# PROMPT:
Word for word, transcribe every line from the one holding "what does this image show?" through the end of the records, but not the pictures.

[Saved data entries]
-- Opening Marker --
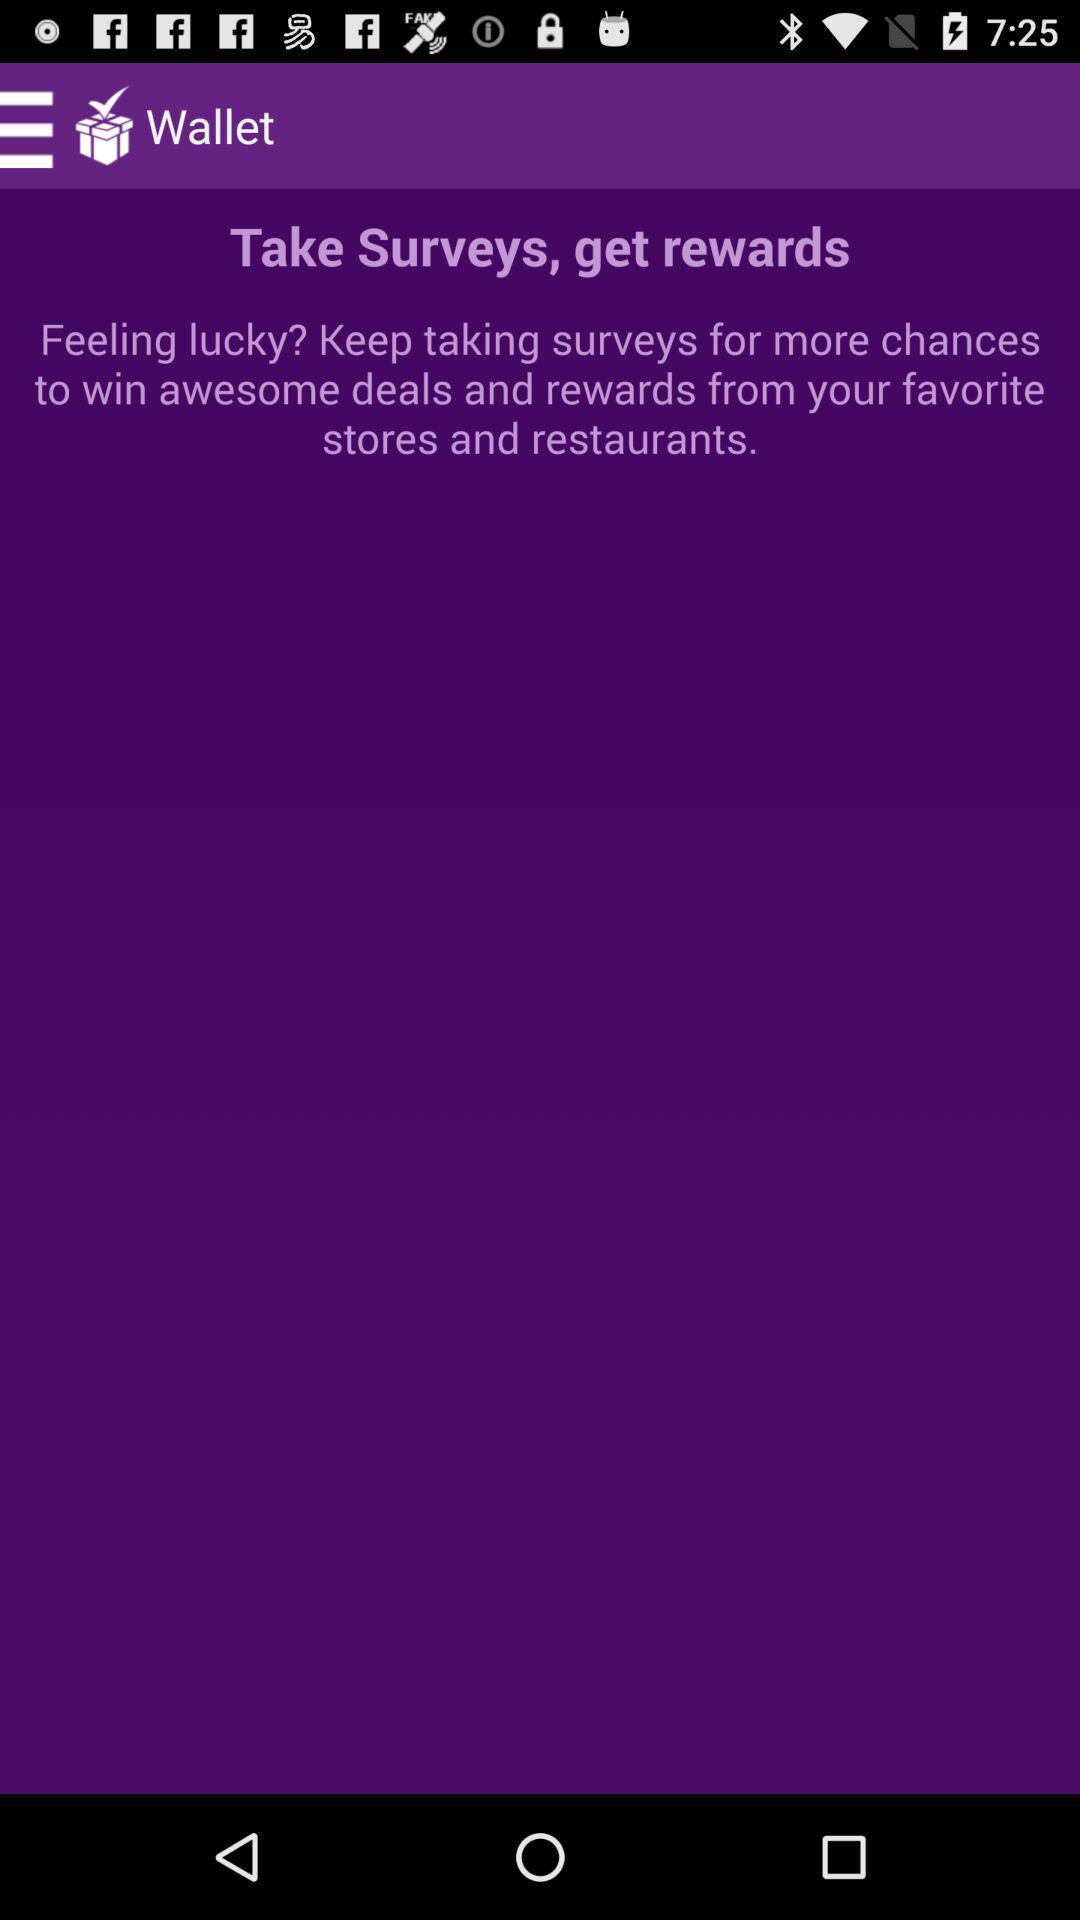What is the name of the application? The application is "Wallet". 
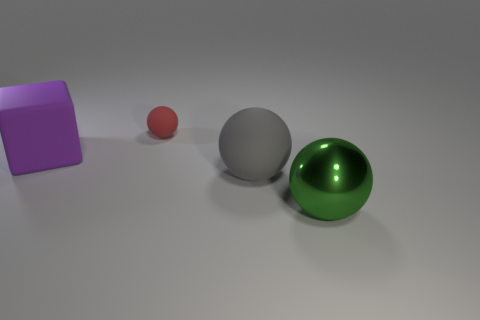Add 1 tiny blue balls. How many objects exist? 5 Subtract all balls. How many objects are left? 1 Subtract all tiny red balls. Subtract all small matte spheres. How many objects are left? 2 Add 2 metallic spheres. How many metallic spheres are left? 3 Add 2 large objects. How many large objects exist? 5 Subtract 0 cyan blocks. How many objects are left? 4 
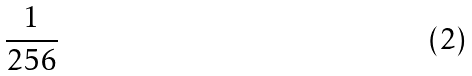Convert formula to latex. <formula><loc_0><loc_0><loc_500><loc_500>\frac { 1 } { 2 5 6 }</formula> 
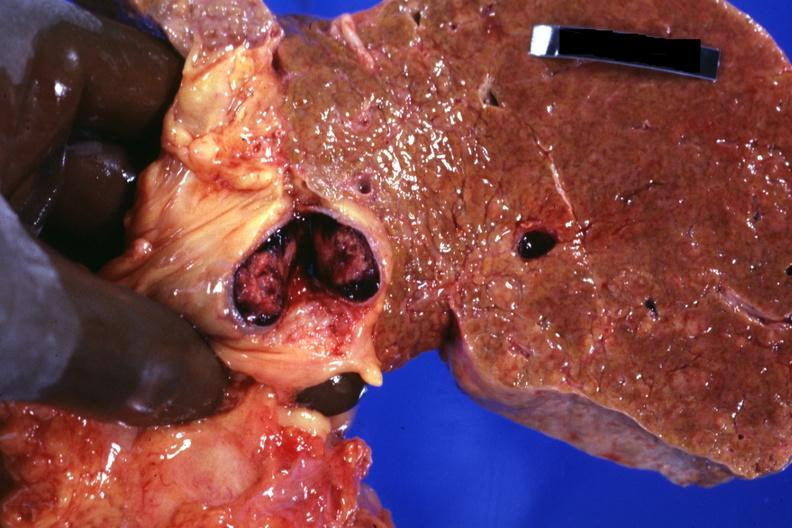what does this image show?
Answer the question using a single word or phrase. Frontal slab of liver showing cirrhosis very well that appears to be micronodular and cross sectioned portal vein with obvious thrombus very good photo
-- Closing Marker --
# RESPONSE TO THIS EXERCISE:
what does this image show?
Answer the question using a single word or phrase. Frontal slab of liver showing cirrhosis very well that appears to be micronodular and cross sectioned portal vein with obvious thrombus very good photo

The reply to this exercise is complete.